The S&P 500 is up nearly 16% this year, driven mostly by AI and tech stocks. But if you look beyond the obvious winners, there’s a group of companies that have outperformed the index while maintaining valuations well below the market average.
We screened for stocks that beat the S&P 500’s performance this year, have forward P/E ratios below 20 (cheaper than the S&P average), and carry buy ratings from analysts. What we found: 24 stocks that rallied between 20% and 208% this year but are still trading cheap heading into 2026.
Here are three that stand out.
Micron Technology (MU) – Up 146%, Trading at 12x Forward Earnings
YTD gain: 146% | Forward P/E: 12
Micron is up 146% this year, which sounds expensive until you look at the valuation. The stock trades at just 12 times forward earnings, well below the S&P 500 average of 20.
The memory chip maker has been riding the AI wave as data centers need massive amounts of high-bandwidth memory. Morgan Stanley analyst Joseph Moore recently reiterated his overweight rating and named Micron a top pick, citing a shortage in DRAM (dynamic random-access memory) that should boost earnings power.
Moore’s note from mid-November was clear: “We believe that’s going to move us firmly into uncharted territory from an earnings standpoint, and we think the stock has yet to fully price in the upside that’s coming.”
The AI infrastructure buildout requires HBM (high-bandwidth memory), which is Micron’s specialty. Supply constraints in DRAM mean pricing power should remain strong through 2026. Despite the massive rally this year, the stock is still cheap relative to its earnings potential if the memory shortage continues.
Analysts have an average price target that implies the stock could move higher from current levels, with some targets as high as $338. The valuation disconnect between the stock’s performance and its P/E ratio suggests the market hasn’t fully priced in the earnings growth ahead.
CVS Health (CVS) – Up 74%, Trading at 11x Forward Earnings
YTD gain: 74% | Forward P/E: 11 | Analyst target: $90.66
CVS has rallied 74% this year but still trades at just 11 times forward earnings. That’s one of the cheapest valuations on this entire list, and analysts see another 16% upside to their average price target of $90.66.
The company reported strong Q3 earnings in late October that beat expectations, and management raised its adjusted profit outlook after seeing improvement at its insurance unit. That’s the turnaround story investors have been waiting for.

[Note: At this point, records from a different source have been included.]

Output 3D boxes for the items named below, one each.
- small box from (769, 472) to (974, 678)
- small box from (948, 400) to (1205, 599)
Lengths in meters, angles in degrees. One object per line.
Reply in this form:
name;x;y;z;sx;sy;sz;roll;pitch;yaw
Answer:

The pharmacy benefit manager business (Caremark) faces some headwinds as contracts transition to new drug pricing levels, which management flagged. But the insurance unit’s improvement is offsetting that pressure and driving the better-than-expected results.

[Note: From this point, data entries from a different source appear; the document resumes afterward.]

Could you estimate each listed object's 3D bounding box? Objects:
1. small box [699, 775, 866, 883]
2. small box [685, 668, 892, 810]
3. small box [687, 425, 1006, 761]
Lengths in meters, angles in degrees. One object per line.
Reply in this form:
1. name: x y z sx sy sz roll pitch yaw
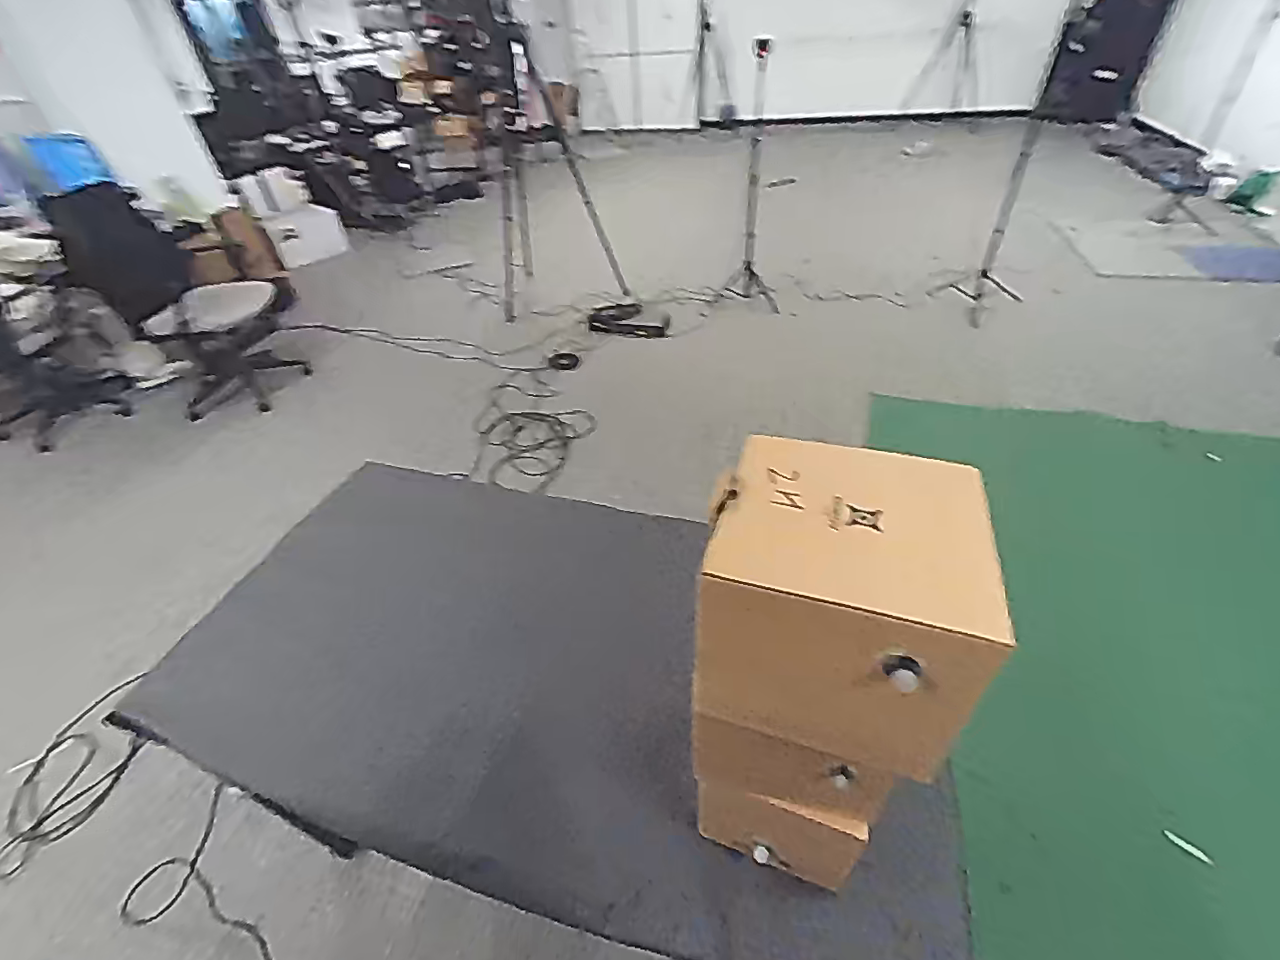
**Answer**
1. small box: 0.169 0.322 0.634 0.168 0.176 0.179 12 42 20
2. small box: 0.148 0.195 0.535 0.179 0.176 0.168 6 39 15
3. small box: 0.142 0.082 0.413 0.179 0.176 0.168 10 40 18
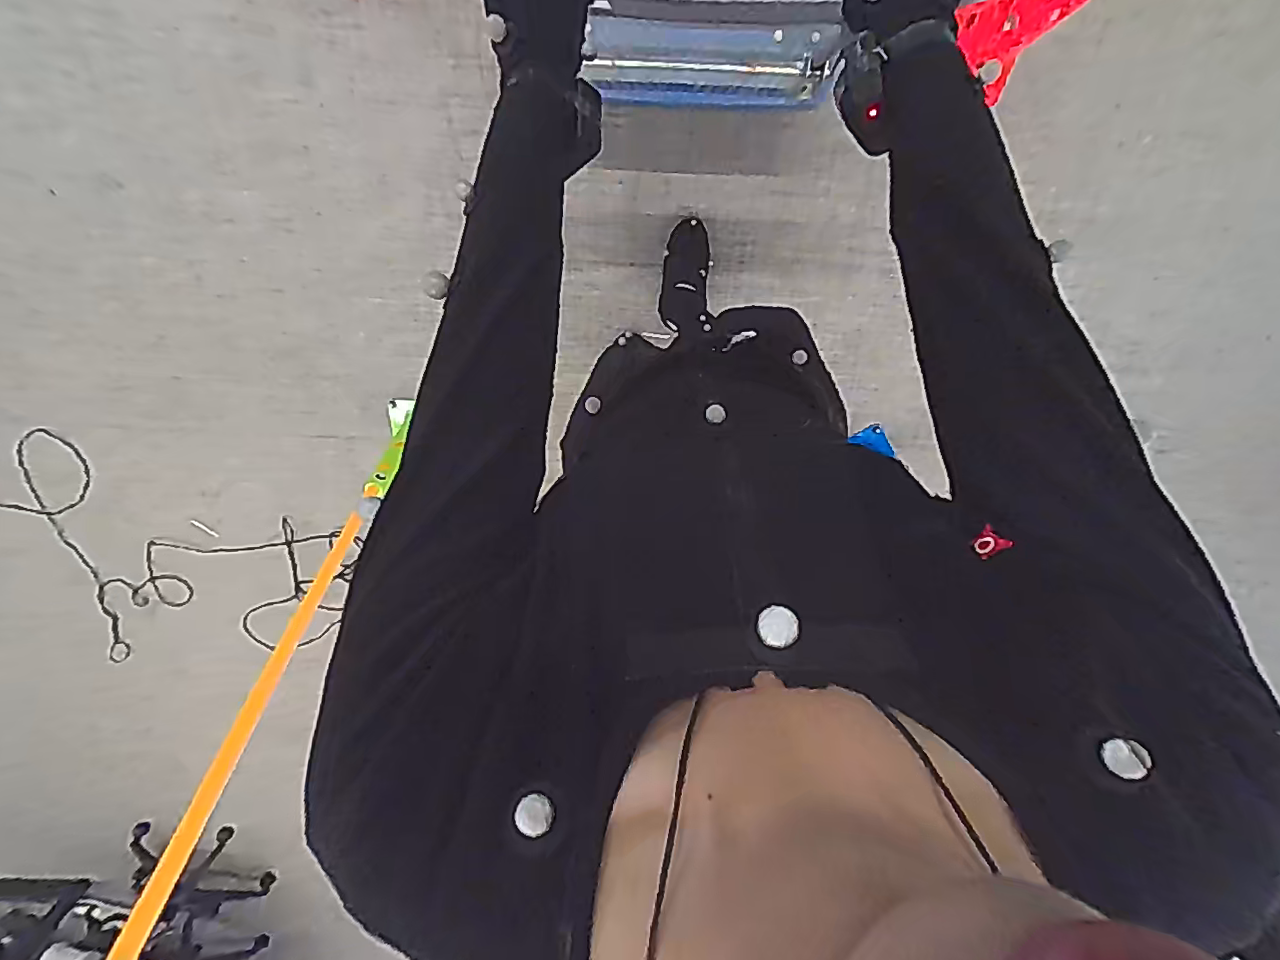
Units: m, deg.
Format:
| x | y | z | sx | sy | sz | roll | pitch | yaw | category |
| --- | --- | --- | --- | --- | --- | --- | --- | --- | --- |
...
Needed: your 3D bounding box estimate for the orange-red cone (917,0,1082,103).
| x | y | z | sx | sy | sz | roll | pitch | yaw | category |
| --- | --- | --- | --- | --- | --- | --- | --- | --- | --- |
| 0.693 | -0.839 | 0.965 | 0.198 | 0.360 | 0.199 | 14 | 117 | -5 | orange-red cone |

Of the 19 analysts covering CVS, six rate it a strong buy and 18 give it a buy rating. That’s overwhelming bullish sentiment from the Street, and with the stock trading at 11x earnings after a 74% rally, there’s a case that it’s still undervalued relative to the turnaround progress.

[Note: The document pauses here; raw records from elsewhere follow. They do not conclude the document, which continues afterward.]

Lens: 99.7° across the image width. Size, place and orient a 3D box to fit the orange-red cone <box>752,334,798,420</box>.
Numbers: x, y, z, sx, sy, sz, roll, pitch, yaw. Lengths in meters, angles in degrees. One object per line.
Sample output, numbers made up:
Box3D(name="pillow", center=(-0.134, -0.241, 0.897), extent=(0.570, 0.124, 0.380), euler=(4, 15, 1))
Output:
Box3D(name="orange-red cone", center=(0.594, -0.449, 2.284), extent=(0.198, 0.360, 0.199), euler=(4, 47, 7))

The healthcare sector has been rotating higher, and CVS is positioned to benefit if that momentum continues into 2026. At this valuation, the risk-reward looks attractive.
Newmont (NEM) – Up 124%, Trading at 11x Forward Earnings
YTD gain: 124% | Forward P/E: 11
Newmont is up 124% this year as gold prices hit record highs above $4,000 per ounce. Despite more than doubling, the stock trades at just 11 times forward earnings.
Gold miners offer leverage to the gold price, and Newmont is the largest gold miner in the world. When gold rallies, the miners’ profits expand significantly because their costs are relatively fixed while revenue rises with gold prices.
Gold pulled back from its October highs but is still trading well above $3,900 per ounce. The fundamental drivers that pushed gold higher—central bank buying, currency concerns, geopolitical instability—haven’t gone away.
Newmont reported record free cash flow recently with all-in sustaining costs around $1,566 per ounce. With gold above $3,900, margins are exceptional. If gold maintains these levels or pushes higher in 2026, Newmont’s earnings could surprise to the upside.
The 11x forward P/E seems cheap for a company operating with these kinds of margins in a commodity environment that remains supportive. The stock has had a massive run, but the valuation suggests there could be more upside if gold stays elevated.
The Bigger Picture
These three stocks represent different sectors—semiconductors, healthcare, and materials—but they share a common theme: strong performance this year that hasn’t been fully reflected in their valuations.
The market has been laser-focused on AI and mega-cap tech, which has allowed other winners to fly under the radar. When stocks can rally 74%, 124%, even 146% and still trade at P/E ratios of 11-12x, it suggests the market is pricing in risk or missing the earnings growth story.
Micron has the DRAM shortage and AI memory demand. CVS has the turnaround in its insurance business. Newmont has record margins and elevated gold prices. Each has a specific catalyst that could drive further gains in 2026.
As we head into the new year, these overlooked outperformers might be worth a closer look. Sometimes the best opportunities aren’t in the stocks everyone’s talking about—they’re in the ones that already rallied but are still trading cheap.